After that, she’d gone back to sleep. It was the last time he watched her pull her face under the covers before she left the house completely to go into treatment. He knew, as he watched Sander’s form in the hospital bed, that this wasn’t his fault either. Britt was wrong. It wasn’t fake and it wasn’t caused by him.
Robbe found himself speaking. “I don’t know what Britt told you, just what she told me.” He kept his voice low and soothing. “I want you to know that I don’t care.” Sander shifted in the bed. Scooting further away from Robbe in the chair at his bedside. Robbe continued anyway. “I know stuff is fucked up right now and nothing makes sense to me, but it’s not going to change how I feel about you.” He inhaled. “I thought you might like to know that. Tonight does nothing to change my feelings for you.”

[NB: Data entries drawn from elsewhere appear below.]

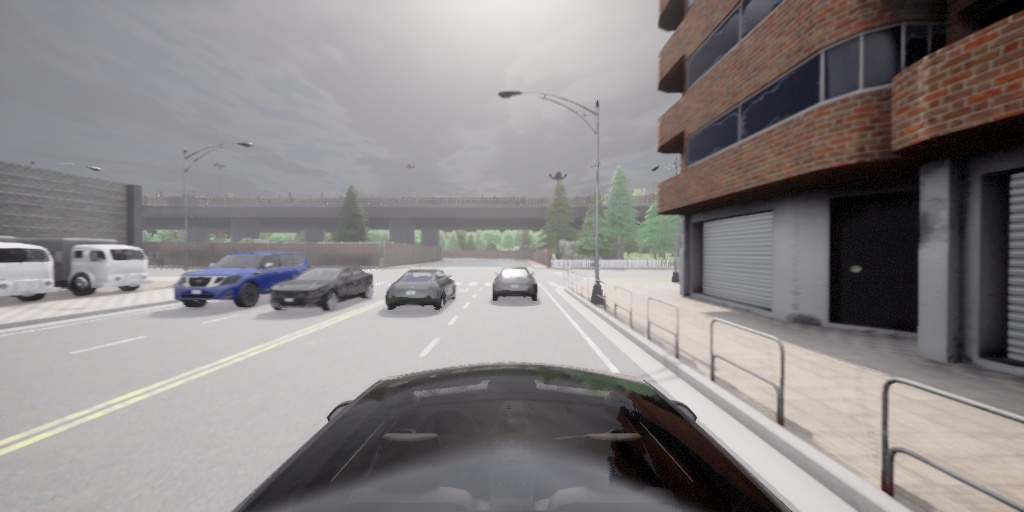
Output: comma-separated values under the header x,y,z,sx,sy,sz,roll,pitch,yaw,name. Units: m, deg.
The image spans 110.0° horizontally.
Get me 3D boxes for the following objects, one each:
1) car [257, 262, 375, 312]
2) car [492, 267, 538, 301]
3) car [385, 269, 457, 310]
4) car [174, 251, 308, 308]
x,y,z,sx,sy,sz,roll,pitch,yaw,name
-6.993,1.097,13.768,1.882,1.535,5.008,0,0,0,car
0.125,1.164,16.437,1.994,1.385,4.181,0,1,0,car
-3.382,1.184,14.013,1.994,1.385,4.181,0,1,0,car
-10.483,0.821,14.679,2.150,2.045,5.566,0,0,0,car

It wasn’t much, and it didn’t make Sander face him again. 
“You’re always going to leave me,” he heard the other boy whisper. “They’re always going to leave me.”
“I’m going to stay here until your mom arrives, okay?”
Sander nodded, more to himself.
Robbe placed his hand on the bed, within Sander’s reach should he choose to grab it. “I love you the same.” He hoped this would be enough to make Sander understand.